There are many signs, in fact, that area communities are taking their
role seriously - such as an increasing recognition that summer
festivals need not revolve around beer tents and a recent push to
establish youth centers.

"I would say that communities are taking off the blinders," Steed
said.

Stoughton has offered some of the county's most innovative programs,
including an exchange program with inmates from the Rock County Jail,
in which students see first hand the impacts of unwise choices.

Stoughton has a peer jury and was one of the county's first
communities to have a youth center.

It also has S.A.D.D. - which begins in the middle school as Students
Against Dangerous Decisions and evolves into Students Against Drunk
Driving in high school.

Biendseil calls Stoughton "our poster child."

But even that community has seen bumps in the road.

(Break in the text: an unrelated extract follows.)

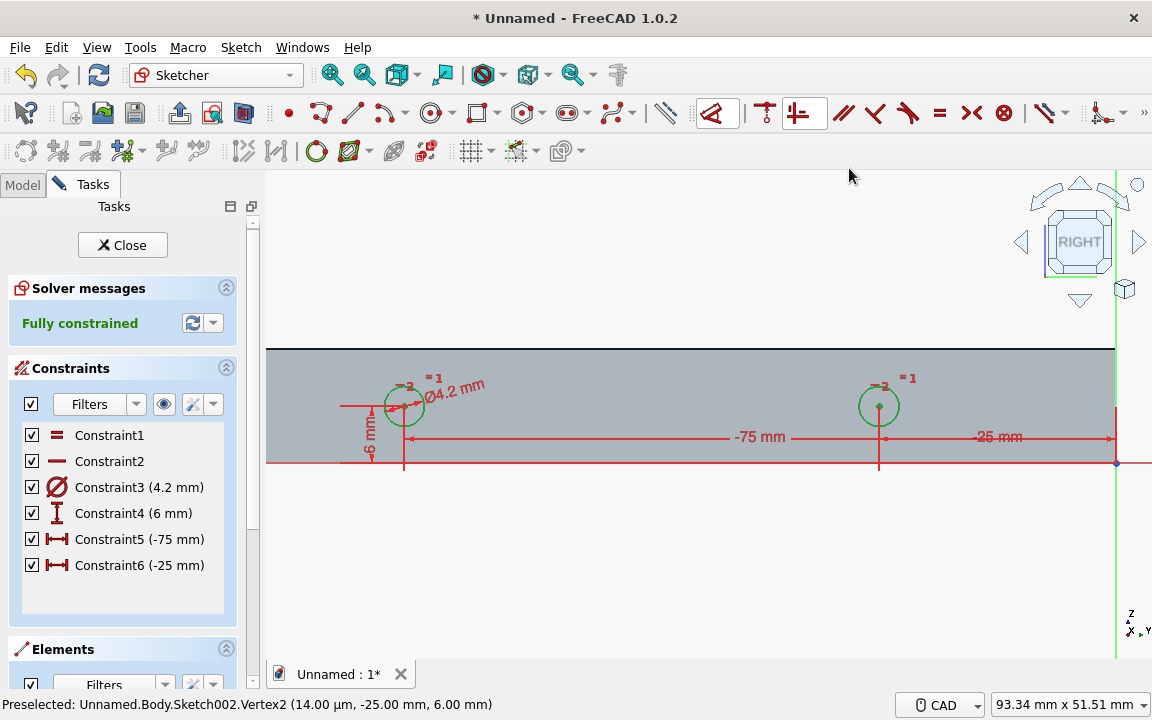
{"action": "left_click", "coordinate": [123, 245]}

An award-winning effort to have liquor stores and taverns sign a
pledge to not sell alcohol to minors has seen "limited follow-up,"
Steed admitted.

It's just one example of the work that remains to be
done.

Despite the recent publicity about local youth centers, only one-
quarter of middle school students in Dane County currently have access
to such places, Biendseil pointed out.

And no one believes that there's a silver bullet out
there.

"We recognize that this is a piece of work that will never be done,"
Thurber said.

INHALING AND IMBIBING

Recent surveys show marked increases in teenage marijuana
use.

In 1995, a survey of 6,800 Dane County seventh-to 12th-graders showed
that 26 percent had used marijuana, up from 20 percent in 1990.

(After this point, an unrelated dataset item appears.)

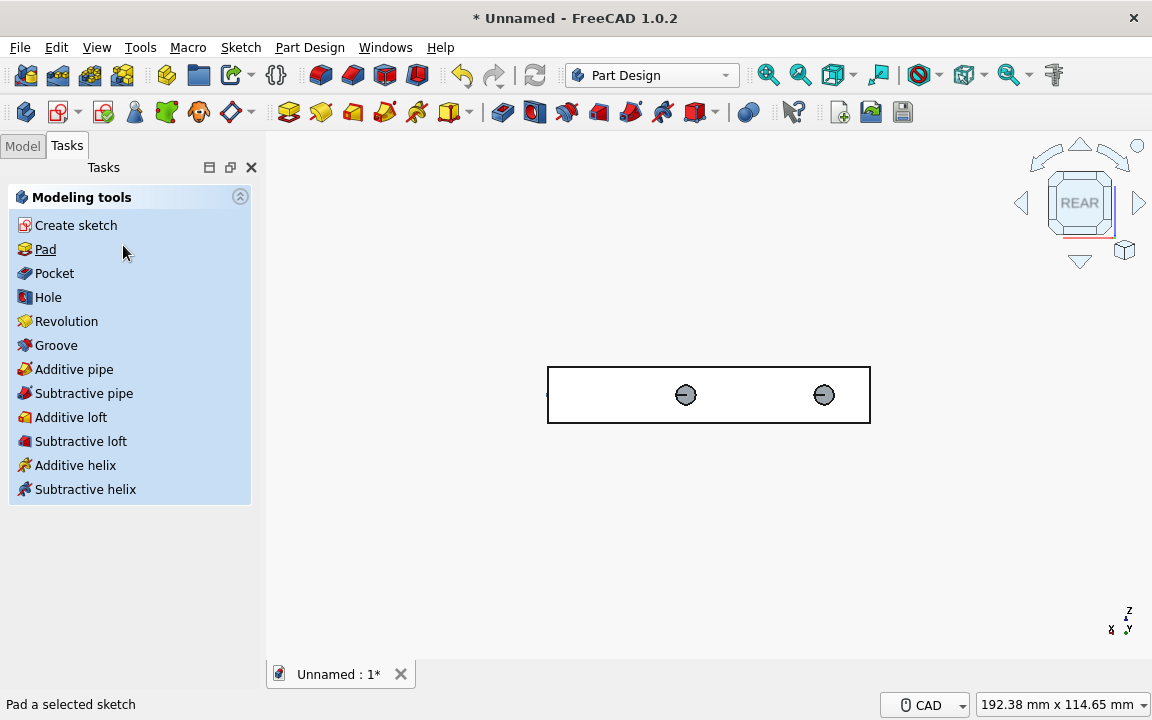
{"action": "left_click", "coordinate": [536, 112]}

That mirrored a statewide rise in teenage marijuana use between 1993
and 1997 from 23 percent to 36 percent. Nationwide, the number of high
school seniors having used marijuana rose from 41 percent to 50
percent between 1990 and 1997.

Additionally, in a recent study, the State Medical Society of
Wisconsin said adults in Wisconsin ranked first in the nation in binge
drinking - commonly defined as five or more drinks in a row for men
and four for women.

The 1995 Dane County Youth Survey showed that 27 percent of local
teenagers had binged in the past month. Similarly, the 1997 statewide
survey showed that 31 percent of Wisconsin teenagers had binged in the
past 30 days, and 17 percent had taken their first drink at age 10 or
younger.

The state survey did show small to moderate decreases in teenage use
of tobacco, crack cocaine and alcohol since 1990.

"While we have made a lot of strides, we have seen some backsliding
there," said Steve Fernan, prevention education consultant with the
state Department of Public Instruction.